In this case, \(y_{1}(x)=x^{\alpha }\cos (\beta \ln {x})\) and \(y_{2}(x)=x^{\alpha }\sin (\beta \ln {x})\) are fundamental system of solutions of the associated homogeneous linear differential equation of (25). The proof is similar to Corollary 3.7 and so is omitted. \(\square \)

Remark 3

In [22], the authors proved the Hyers–Ulam stability of the Eq. (25) when the auxiliary Eq. (26) has two distinct real roots and two equal real roots, respectively.
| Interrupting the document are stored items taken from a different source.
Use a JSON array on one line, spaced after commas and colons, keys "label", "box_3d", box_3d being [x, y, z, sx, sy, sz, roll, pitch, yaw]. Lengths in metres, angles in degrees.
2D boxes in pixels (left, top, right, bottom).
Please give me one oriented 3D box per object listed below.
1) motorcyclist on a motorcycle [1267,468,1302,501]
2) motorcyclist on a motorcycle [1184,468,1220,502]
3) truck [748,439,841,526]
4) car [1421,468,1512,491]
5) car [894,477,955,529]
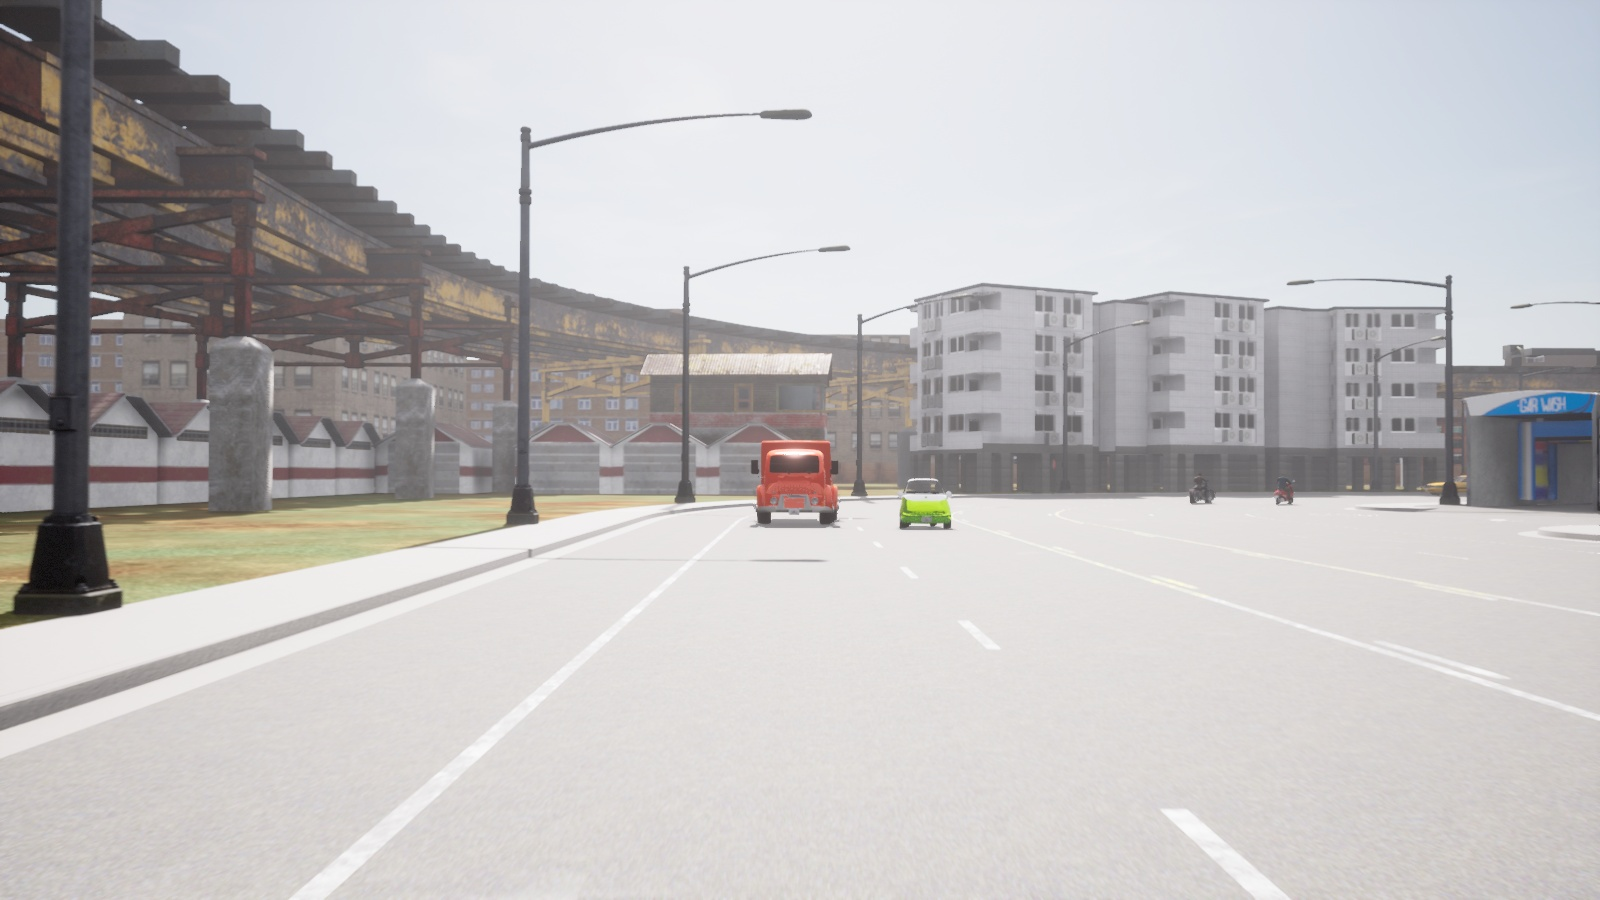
[{"label": "motorcyclist on a motorcycle", "box_3d": [23.774, 1.699, 61.580, 1.817, 1.590, 0.866, 1, -1, -43]}, {"label": "motorcyclist on a motorcycle", "box_3d": [20.164, 1.733, 62.975, 0.766, 1.649, 2.350, -1, -1, 43]}, {"label": "truck", "box_3d": [-0.107, 0.963, 38.090, 2.627, 2.467, 5.204, 0, -1, 1]}, {"label": "car", "box_3d": [45.453, 1.999, 85.673, 5.366, 1.575, 1.801, 0, -1, -4]}, {"label": "car", "box_3d": [3.407, 1.433, 34.682, 1.481, 1.376, 2.207, 0, -1, 0]}]

But this case is not considered if the auxiliary Eq. (26) has a pair of complex conjugate roots. So Corollary 3.9 can be regarded as a supplement to [22].

4 The General Solution and Ulam Stability of Third-Order Linear Differential Equations

Using the similar argument as in Sect. 3, this section will deal with the general solution and Ulam stability of three-order linear differential equations.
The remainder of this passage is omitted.